Deux explosions ont ensuite touché une gare routière dans le quartier de Mercato, faisant un mort et quatre blessés.
Dans le quartier de Piazza (nord), deux attentats ont visé les bâtiments abritant les bureaux de la compagnie aérienne Ethiopian Airlines à 04H50 (01H50 GMT) et la société publique d'électricité à 09H20 (06H20 GMT), selon la police.
La première explosion n'a pas fait de victimes, et la deuxième sept blessés, dont un grièvement, a précisé la même source.
La police ne disposait pas de bilan pour deux autres déflagrations entendues dans la capitale.
Aucun des attentats n'avait été revendiqué vendredi en fin d'après-midi, selon le porte-parole de la police fédérale. "Ces gens veulent donner l'impression qu'il n'y a plus de paix et de stabilité dans la ville. Toutes les explosions visent des civils", a ajouté M. Demsach, sans autre précision sur les auteurs.
Depuis le début de l'année, Addis Abeba a déjà été frappée par une série d'explosions, qui avaient provoqué la mort d'une personne. A la mi-avril, au moins six personnes avaient également été tuées dans l'explosion de grenades dans les villes de Jijiga (est) et Gedo (ouest).

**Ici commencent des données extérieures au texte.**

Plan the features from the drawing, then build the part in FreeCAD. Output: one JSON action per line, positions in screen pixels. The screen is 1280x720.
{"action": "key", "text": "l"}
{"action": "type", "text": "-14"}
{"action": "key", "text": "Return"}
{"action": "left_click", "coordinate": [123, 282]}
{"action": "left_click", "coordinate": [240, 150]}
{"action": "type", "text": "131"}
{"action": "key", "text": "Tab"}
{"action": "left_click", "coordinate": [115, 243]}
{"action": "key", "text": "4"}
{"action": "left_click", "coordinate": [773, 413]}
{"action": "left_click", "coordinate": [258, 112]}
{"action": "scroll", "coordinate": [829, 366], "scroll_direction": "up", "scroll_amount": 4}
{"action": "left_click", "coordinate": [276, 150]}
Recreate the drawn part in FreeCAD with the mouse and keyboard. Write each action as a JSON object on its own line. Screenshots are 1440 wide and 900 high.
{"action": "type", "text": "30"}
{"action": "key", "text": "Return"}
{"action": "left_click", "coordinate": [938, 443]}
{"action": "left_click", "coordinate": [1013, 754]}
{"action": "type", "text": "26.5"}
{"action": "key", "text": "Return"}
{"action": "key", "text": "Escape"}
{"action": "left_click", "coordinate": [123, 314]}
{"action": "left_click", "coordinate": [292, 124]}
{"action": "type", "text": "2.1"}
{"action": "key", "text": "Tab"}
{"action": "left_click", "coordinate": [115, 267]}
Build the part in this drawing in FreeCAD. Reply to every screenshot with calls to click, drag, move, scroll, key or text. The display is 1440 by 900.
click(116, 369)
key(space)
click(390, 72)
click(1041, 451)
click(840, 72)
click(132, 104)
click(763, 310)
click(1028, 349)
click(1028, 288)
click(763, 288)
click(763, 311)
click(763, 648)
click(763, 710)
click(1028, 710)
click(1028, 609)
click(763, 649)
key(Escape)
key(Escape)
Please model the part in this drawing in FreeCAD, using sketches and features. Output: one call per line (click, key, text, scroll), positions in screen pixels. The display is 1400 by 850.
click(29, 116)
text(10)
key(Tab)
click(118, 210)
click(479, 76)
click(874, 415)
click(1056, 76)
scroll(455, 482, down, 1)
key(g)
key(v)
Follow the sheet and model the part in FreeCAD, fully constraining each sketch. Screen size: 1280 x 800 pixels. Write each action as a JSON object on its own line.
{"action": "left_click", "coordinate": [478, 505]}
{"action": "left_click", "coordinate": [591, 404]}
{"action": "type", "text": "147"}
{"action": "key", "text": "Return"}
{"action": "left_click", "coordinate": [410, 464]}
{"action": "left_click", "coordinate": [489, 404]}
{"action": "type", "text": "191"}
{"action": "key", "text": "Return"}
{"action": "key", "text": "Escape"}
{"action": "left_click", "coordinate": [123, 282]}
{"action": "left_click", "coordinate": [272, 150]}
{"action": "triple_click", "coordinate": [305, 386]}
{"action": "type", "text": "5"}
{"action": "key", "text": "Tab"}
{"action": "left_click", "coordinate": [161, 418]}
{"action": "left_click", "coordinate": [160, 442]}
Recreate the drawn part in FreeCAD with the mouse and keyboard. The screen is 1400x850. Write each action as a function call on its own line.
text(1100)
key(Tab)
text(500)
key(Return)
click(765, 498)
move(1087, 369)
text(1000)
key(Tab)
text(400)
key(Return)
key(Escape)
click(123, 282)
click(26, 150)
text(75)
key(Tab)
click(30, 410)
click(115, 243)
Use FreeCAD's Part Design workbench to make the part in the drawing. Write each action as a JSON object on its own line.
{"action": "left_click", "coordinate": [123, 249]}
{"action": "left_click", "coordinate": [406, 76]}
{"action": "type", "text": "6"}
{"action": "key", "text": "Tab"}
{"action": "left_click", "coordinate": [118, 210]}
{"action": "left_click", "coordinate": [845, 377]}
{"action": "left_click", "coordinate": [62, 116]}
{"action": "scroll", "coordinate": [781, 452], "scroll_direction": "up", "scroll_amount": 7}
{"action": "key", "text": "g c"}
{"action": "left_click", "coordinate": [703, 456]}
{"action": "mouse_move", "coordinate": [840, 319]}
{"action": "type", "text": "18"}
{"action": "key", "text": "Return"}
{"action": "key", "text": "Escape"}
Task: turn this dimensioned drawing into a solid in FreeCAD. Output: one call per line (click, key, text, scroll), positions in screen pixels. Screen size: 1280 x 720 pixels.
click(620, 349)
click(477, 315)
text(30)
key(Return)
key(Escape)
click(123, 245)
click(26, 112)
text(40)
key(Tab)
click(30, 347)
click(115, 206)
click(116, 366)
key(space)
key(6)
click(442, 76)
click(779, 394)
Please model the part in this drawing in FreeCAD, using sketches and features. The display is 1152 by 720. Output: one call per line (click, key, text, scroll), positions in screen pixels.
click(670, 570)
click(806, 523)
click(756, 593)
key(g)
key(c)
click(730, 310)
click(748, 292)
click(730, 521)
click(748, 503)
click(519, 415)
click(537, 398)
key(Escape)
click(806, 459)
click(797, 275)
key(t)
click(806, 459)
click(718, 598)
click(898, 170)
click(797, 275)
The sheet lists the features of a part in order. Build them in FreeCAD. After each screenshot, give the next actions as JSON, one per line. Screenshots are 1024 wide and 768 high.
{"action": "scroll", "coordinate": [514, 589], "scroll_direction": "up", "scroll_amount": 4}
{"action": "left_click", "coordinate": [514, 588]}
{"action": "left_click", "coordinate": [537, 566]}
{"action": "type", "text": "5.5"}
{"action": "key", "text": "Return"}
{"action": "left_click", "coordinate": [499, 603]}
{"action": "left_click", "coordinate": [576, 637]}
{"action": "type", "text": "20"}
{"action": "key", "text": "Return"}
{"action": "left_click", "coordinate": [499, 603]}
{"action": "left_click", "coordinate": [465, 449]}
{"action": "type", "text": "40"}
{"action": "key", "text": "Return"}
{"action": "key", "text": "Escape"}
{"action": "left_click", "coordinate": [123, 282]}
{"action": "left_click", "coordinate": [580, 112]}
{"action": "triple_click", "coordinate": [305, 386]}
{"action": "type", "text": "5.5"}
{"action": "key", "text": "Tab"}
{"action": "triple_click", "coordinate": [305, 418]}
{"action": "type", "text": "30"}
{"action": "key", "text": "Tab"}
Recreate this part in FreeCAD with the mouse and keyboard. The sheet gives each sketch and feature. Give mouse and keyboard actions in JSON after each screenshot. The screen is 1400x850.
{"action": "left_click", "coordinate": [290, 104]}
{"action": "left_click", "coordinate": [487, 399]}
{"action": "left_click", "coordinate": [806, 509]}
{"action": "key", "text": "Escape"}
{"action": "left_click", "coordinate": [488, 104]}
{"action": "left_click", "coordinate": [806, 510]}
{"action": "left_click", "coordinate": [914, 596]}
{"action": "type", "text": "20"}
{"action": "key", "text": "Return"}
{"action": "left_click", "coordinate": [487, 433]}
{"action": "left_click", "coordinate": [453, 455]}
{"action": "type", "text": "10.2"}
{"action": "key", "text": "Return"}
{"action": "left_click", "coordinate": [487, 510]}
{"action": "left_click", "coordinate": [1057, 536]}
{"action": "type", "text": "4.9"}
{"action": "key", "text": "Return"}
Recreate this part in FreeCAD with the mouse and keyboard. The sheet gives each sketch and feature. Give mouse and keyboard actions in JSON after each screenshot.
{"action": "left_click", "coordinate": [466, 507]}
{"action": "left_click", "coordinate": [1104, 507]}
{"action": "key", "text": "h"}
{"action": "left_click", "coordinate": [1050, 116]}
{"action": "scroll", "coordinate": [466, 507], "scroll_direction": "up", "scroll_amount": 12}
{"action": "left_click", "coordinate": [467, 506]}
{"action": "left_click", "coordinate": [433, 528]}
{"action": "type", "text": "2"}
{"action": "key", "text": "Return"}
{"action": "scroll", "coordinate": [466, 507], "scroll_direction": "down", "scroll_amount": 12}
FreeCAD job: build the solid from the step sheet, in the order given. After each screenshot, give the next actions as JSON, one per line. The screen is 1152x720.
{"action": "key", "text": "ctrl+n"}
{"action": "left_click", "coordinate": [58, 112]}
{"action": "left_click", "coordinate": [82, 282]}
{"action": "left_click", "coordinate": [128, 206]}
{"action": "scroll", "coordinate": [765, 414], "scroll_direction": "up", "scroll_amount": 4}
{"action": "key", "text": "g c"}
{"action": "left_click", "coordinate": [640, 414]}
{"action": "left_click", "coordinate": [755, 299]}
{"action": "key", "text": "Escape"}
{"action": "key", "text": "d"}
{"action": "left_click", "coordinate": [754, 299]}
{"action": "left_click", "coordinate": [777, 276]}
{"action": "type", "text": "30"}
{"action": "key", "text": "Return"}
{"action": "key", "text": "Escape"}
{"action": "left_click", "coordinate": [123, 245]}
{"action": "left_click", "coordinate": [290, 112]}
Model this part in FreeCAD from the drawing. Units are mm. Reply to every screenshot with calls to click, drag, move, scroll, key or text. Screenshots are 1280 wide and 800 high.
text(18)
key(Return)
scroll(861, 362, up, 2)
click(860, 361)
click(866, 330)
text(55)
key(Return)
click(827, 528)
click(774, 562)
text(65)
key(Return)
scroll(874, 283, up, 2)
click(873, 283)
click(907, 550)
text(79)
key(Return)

Aucun de ces attentats n'a été revendiqué.
Le 27 avril, le Premier ministre éthiopien, Meles Zenawi, avait accusé l'Erythrée, son voisin et rival, d'avoir fourni "le matériel des bombes" qui ont secoué la capitale et d'autres villes d'Ethiopie, accusation immédiatement démentie par les autorités d'Asmara.
D'autres sources estiment que des rebelles séparatistes, des extrémistes somaliens musulmans ou encore des membres de l'opposition pourraient être derrière ces attaques.
La tension est vive en Ethiopie, pays pauvre de la Corne de l'Afrique, depuis les élections législatives de mai 2005, remportées officiellement par le pouvoir sortant mais contestées par l'opposition qui accuse le gouvernement de fraudes.
Quand pharaon a le cœur dur, quand il ne voit pas la misère de son peuple, quand les élections son truquées, quand les opposants sont arrêtés par milliers, quand il n’y a plus moyen de se faire entendre normalement, il ne faut s’étonner que des moyens « anormaux » sont employés.
Ce n’est pas normal. Il ne suffit pas de le dire. Il nous revient à tous de chercher et de soutenir les femmes et les hommes politiques qui mettent en œuvre d’autres politiques.